* [TASK REQUIREMENTS]: From the records below, transcribe only the lines running from the one with "white-space: nowrap;" through the one with "<formula> <loc_0><loc_0><loc_500><loc_500>\rho ( r". Keep both of those end lines.
[Opening AVAILABLE DATA section]
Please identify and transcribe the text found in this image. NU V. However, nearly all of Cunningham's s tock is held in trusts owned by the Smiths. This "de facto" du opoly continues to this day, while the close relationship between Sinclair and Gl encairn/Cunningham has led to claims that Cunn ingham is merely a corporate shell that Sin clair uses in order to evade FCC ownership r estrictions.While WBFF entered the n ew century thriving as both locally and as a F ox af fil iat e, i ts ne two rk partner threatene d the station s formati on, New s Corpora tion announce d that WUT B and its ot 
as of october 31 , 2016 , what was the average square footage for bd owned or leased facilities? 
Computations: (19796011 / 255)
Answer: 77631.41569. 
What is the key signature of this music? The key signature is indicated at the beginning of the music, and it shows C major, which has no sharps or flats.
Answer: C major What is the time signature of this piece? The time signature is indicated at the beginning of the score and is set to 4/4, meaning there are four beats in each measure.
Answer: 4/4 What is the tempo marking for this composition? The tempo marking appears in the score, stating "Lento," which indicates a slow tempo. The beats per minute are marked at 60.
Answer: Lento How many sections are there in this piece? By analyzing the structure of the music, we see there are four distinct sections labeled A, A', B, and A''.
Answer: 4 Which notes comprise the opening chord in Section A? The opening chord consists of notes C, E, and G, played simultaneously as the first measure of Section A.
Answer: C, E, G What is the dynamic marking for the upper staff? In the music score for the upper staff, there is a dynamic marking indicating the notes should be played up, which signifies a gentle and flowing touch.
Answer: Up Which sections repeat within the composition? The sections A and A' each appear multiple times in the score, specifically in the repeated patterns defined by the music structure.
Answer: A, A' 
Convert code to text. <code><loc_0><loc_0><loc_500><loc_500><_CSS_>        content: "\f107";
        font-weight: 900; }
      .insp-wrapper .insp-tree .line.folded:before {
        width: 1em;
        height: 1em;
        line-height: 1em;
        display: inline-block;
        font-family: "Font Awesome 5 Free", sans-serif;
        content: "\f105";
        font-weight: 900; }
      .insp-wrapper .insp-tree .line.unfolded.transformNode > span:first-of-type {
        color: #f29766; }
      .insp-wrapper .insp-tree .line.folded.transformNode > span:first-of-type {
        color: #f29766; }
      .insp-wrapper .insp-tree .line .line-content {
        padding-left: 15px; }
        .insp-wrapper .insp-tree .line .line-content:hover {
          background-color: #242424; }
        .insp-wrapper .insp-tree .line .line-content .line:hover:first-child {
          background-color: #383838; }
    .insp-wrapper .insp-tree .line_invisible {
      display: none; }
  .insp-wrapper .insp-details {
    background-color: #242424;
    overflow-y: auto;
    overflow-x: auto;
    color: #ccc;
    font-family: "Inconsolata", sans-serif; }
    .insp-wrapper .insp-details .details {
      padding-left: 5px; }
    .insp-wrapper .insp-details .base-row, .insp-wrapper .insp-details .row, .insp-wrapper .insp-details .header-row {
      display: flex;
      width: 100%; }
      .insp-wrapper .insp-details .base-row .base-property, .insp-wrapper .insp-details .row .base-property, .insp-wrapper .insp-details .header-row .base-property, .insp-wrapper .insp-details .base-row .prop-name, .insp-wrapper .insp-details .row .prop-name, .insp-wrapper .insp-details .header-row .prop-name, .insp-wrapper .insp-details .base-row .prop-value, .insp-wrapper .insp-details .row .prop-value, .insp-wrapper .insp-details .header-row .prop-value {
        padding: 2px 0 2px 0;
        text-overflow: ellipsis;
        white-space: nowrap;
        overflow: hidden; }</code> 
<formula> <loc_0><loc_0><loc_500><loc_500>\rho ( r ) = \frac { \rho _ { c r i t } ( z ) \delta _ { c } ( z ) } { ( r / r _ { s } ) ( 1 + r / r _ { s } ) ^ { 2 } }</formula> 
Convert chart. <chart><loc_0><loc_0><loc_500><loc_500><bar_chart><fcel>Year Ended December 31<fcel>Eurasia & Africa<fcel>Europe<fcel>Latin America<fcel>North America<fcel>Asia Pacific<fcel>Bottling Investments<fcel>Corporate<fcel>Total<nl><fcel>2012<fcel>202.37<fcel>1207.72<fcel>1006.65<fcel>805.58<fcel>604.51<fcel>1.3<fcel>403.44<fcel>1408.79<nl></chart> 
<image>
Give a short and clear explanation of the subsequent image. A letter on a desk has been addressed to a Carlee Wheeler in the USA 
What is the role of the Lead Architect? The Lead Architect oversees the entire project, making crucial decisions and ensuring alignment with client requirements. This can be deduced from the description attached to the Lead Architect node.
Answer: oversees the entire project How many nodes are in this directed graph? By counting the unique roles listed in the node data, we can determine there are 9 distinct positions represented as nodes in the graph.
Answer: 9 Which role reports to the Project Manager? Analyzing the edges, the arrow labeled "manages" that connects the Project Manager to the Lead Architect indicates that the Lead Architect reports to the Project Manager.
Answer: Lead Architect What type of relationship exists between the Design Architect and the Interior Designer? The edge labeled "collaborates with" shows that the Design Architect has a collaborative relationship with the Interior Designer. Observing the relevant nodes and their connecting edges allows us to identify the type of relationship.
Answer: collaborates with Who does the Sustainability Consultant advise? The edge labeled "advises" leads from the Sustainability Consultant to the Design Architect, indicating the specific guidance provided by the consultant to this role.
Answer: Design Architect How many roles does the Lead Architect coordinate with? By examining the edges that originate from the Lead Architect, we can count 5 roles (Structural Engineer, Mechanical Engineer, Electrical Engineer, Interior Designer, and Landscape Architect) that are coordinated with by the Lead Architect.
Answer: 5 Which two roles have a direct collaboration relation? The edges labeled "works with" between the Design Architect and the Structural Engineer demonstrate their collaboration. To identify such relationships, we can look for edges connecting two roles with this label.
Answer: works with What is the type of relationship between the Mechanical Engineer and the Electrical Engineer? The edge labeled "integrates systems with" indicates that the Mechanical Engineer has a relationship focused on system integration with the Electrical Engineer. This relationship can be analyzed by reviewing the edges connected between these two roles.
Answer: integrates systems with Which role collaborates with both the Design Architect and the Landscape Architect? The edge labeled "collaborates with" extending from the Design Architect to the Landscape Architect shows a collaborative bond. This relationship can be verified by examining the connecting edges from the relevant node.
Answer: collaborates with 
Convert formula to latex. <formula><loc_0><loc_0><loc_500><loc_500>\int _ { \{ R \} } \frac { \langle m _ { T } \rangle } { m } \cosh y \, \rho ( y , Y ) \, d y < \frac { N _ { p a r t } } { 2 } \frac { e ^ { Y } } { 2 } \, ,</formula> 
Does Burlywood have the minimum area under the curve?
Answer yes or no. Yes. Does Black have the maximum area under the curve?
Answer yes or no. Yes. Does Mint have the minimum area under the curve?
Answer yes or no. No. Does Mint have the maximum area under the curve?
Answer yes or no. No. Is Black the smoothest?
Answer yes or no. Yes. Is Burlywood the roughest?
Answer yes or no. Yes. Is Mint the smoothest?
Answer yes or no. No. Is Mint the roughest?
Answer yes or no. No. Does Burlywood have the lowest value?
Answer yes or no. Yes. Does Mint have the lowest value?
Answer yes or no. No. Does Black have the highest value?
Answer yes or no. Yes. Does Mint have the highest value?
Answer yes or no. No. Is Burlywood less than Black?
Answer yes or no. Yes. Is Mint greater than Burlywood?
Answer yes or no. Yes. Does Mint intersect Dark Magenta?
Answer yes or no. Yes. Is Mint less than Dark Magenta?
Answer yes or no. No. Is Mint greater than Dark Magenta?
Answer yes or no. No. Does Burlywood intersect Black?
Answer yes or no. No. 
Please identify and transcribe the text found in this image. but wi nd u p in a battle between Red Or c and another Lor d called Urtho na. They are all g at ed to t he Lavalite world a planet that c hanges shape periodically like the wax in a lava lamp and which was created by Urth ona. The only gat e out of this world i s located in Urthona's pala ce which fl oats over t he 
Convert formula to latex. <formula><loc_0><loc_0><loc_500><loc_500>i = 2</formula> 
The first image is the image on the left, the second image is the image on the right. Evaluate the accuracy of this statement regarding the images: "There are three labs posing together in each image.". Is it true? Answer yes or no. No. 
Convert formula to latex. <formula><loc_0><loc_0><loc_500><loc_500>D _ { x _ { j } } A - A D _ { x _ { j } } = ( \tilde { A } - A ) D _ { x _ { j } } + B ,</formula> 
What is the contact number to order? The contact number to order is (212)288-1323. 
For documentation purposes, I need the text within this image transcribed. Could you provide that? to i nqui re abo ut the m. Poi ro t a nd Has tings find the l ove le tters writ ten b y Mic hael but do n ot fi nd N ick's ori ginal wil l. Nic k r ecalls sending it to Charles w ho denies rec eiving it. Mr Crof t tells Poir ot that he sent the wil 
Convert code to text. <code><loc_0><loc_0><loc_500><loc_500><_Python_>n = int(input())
[Closing AVAILABLE DATA section]
* [SOLUTION TO THE EXERCISE]:
        white-space: nowrap;
        overflow: hidden; }</code> 
<formula> <loc_0><loc_0><loc_500><loc_500>\rho ( r ) = \frac { \rho _ { c r i t } ( z ) \delta _ { c } ( z ) } { ( r / r _ { s } ) ( 1 + r / r _ { s } ) ^ { 2 } }</formula> 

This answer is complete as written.